2011 MIGHT be written about as the year of protests. The reasons for these protests have varied considerably from country to country and even from one area to another. Analysts have spent hours trying to determine whether the root causes of this widespread dissatisfaction were economic, political and social or a mix of all three. Harvard historian Niall Ferguson dismissed all the protests as being nothing more than a “global temper tantrum” but such a facile stance does nothing more than mock the real concerns of people.
Predictably, the ‘camp of experts’ is divided into socialists of various shades and liberals of different hues. Therefore, analyses have primarily been attuned to what is perceived to be the ideological and dogmatic goals of a particular school of thought.

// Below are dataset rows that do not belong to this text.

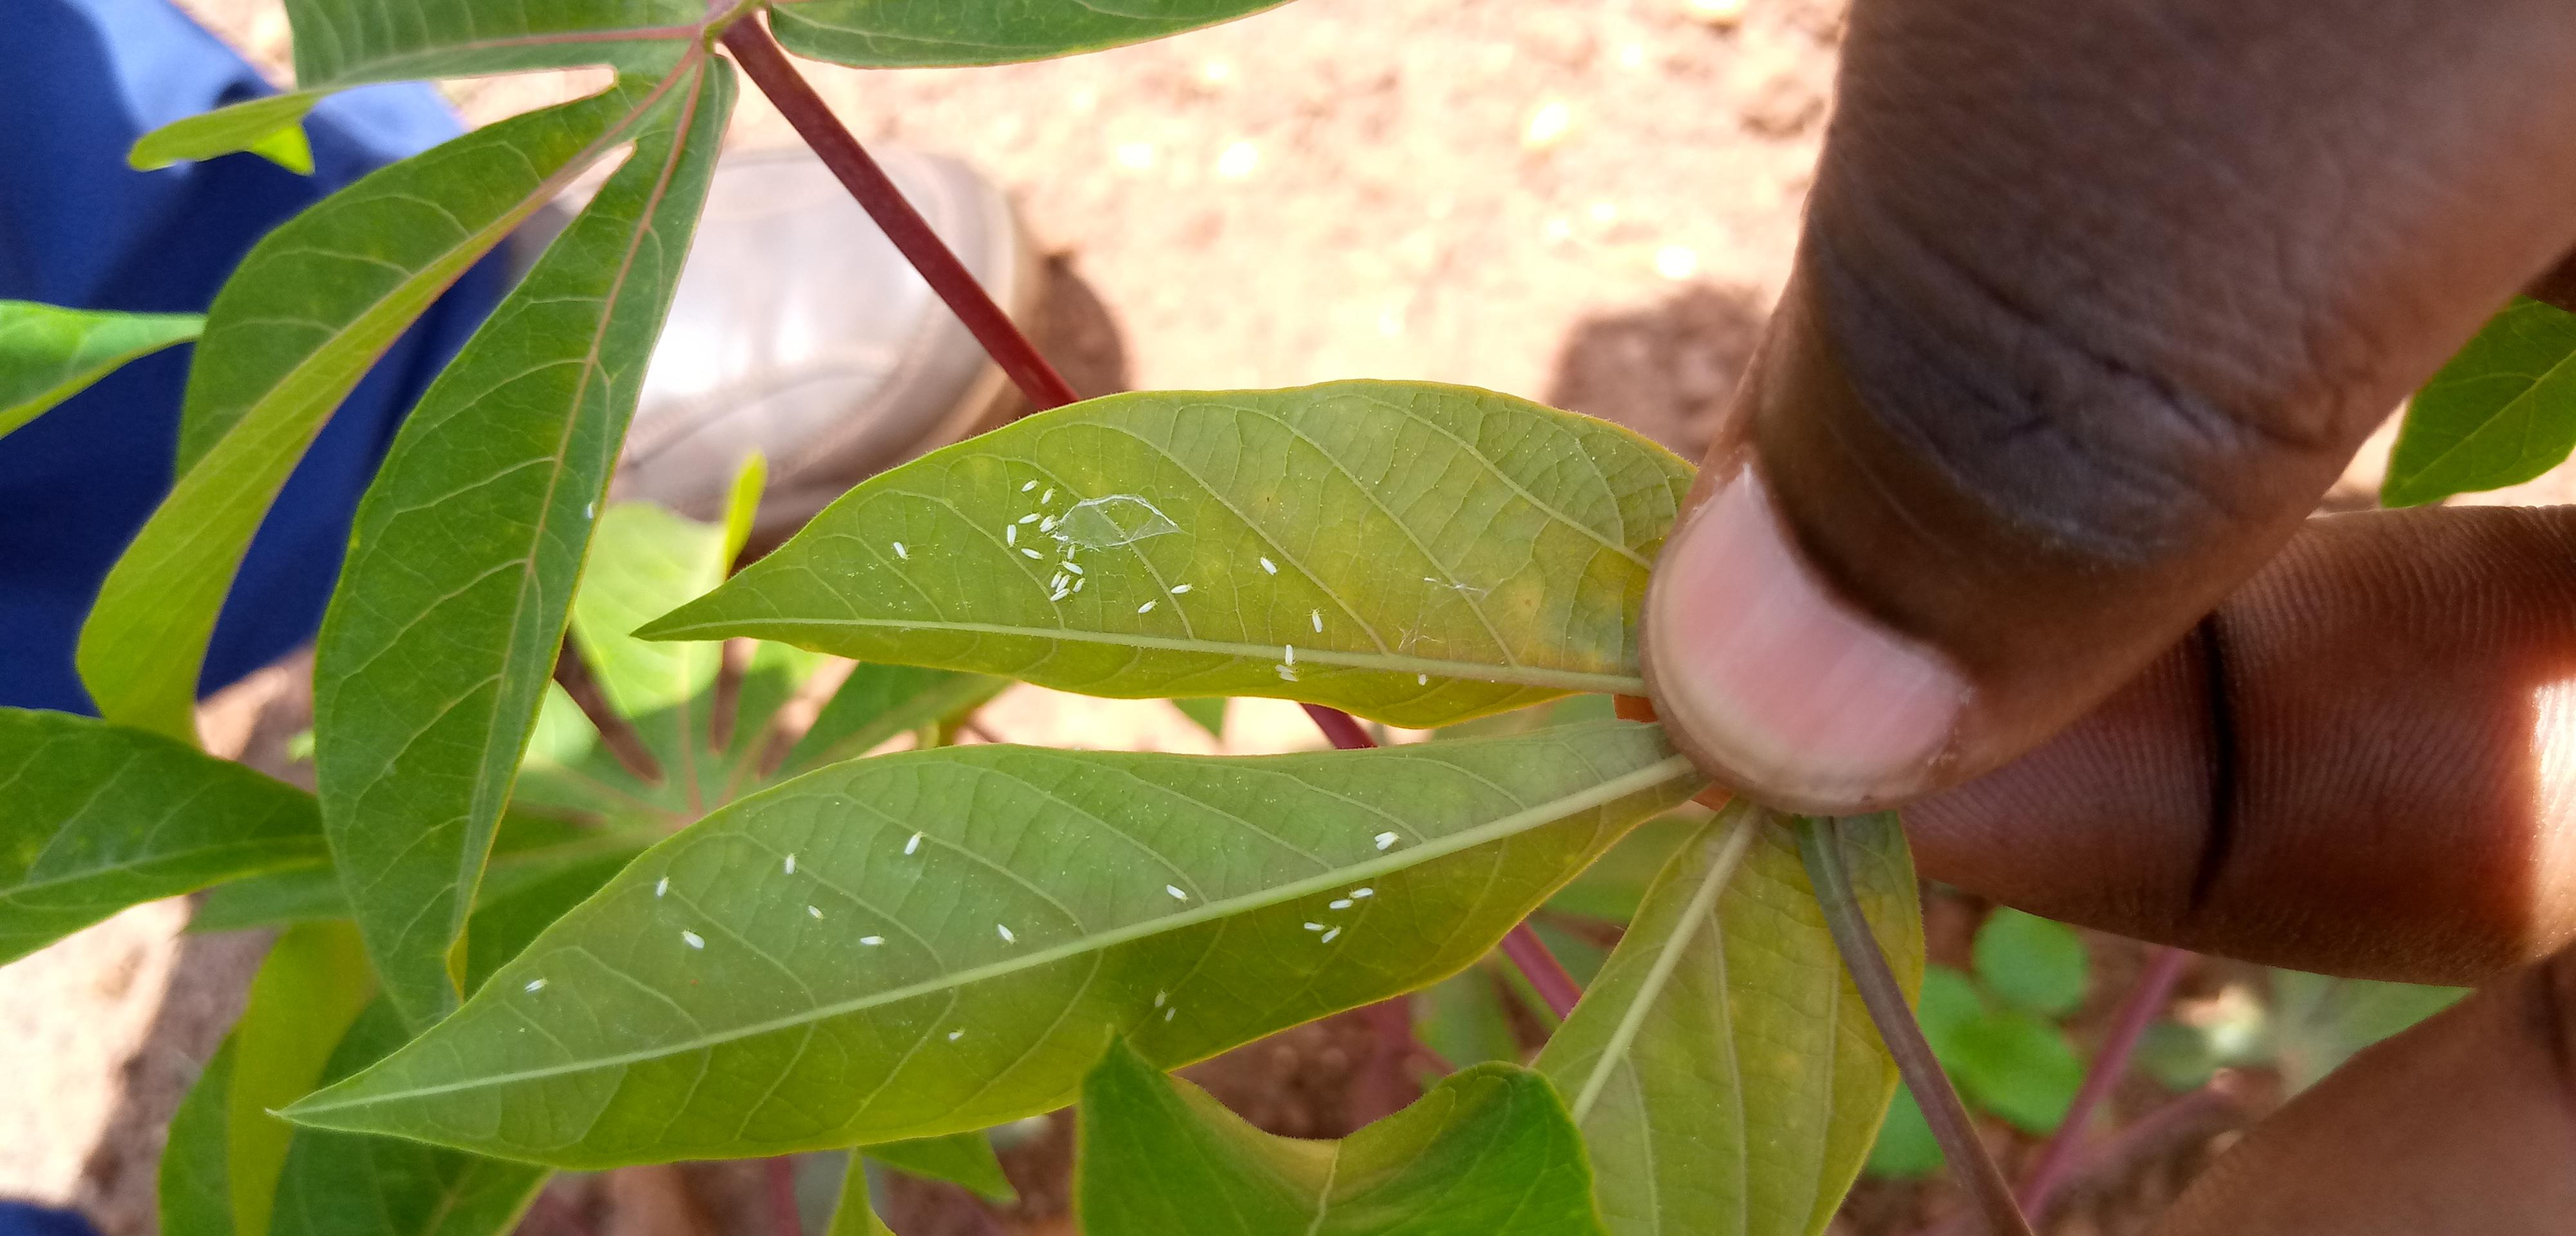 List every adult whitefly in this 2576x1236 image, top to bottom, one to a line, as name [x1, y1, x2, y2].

whitefly [1012, 469, 1048, 495]
whitefly [1039, 485, 1067, 509]
whitefly [1018, 506, 1041, 532]
whitefly [1033, 513, 1066, 539]
whitefly [999, 520, 1020, 547]
whitefly [887, 534, 918, 571]
whitefly [1011, 541, 1046, 569]
whitefly [1058, 541, 1094, 581]
whitefly [1251, 543, 1296, 591]
whitefly [1050, 565, 1075, 598]
whitefly [1048, 566, 1073, 595]
whitefly [1067, 569, 1093, 601]
whitefly [1045, 577, 1077, 610]
whitefly [1301, 588, 1347, 644]
whitefly [1131, 589, 1164, 623]
whitefly [1265, 635, 1308, 684]
whitefly [1272, 657, 1307, 689]
whitefly [1406, 667, 1438, 701]
whitefly [895, 827, 933, 854]
whitefly [1372, 827, 1407, 850]
whitefly [783, 848, 806, 877]
whitefly [1158, 863, 1200, 912]
whitefly [654, 871, 681, 902]
whitefly [1345, 877, 1374, 905]
whitefly [1326, 893, 1359, 915]
whitefly [801, 895, 835, 926]
whitefly [1297, 917, 1332, 938]
whitefly [994, 918, 1014, 946]
whitefly [678, 919, 705, 954]
whitefly [1316, 922, 1350, 950]
whitefly [853, 930, 893, 957]
whitefly [518, 967, 560, 1004]
whitefly [1150, 984, 1170, 1011]
whitefly [1158, 997, 1185, 1024]
whitefly [943, 1020, 973, 1053]

There might be a number of factors that underlie many of these protests around the world, but perhaps one underlying issue that seems to be shared by people is a disenchantment — indeed, even a distrust — of the State and its accompanying apparatus.

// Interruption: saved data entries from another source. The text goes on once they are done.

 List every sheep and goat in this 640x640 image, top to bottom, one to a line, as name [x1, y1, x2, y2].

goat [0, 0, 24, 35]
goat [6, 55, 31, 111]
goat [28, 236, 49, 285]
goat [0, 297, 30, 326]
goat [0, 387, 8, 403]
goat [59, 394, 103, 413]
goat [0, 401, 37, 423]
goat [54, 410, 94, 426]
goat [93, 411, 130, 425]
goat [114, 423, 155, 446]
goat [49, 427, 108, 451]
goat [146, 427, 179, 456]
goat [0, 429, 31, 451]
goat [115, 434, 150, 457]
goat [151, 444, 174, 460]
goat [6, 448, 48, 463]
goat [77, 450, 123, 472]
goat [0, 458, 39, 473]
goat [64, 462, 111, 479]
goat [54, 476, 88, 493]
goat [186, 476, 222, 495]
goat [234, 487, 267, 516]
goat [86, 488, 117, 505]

Over the past 150 years, the nation-state has gradually become the de facto and dominant form of political organisation and representation. The accompanying decrease of physical colonisation has also meant that for the most part many sovereign countries have not interfered in the internal processes of another state. Of course, the wars across the Middle East and the occasional ‘stealth operations’ are exceptions and their perpetrators claim that they have no permanent interest in staying in these regions.
Some argue that the subservience born out of colonial subjugation is still a feature of the political landscape of many countries and is further entrenched by capitalistic economic policies. Even if this is true, ultimately it is the State that functions as the enforcer and sustainer of such economic models. Even the bogeymen that have usually been fed to people to explain away some of the problems they face are themselves becoming hackneyed, unacceptable excuses. Communism was the bete noire for many years and of late it has been replaced by a fear of Islamisation’. However, it is important to note that Anders Behring Breivik mounted an attack against his own State, specifically the Labour Party, albeit in the name of Islamophobia but didn’t choose to target Muslims or Islamic institutions directly.
Since the beginning of this year, there have been sporadic protests around the world. Could it be more than a coincidence that it was the death of one man that sparked protests in Tunisia and in Tottenham? Unfortunately, in England the beginnings of any real movement was completely subsumed by the viciousness of the mob. Since January, many Arabs have been on the streets demanding more rights and even Saudi Arabia and Kuwait, relatively wealthy countries, suddenly declared a number of measures to counteract any possible popular movement.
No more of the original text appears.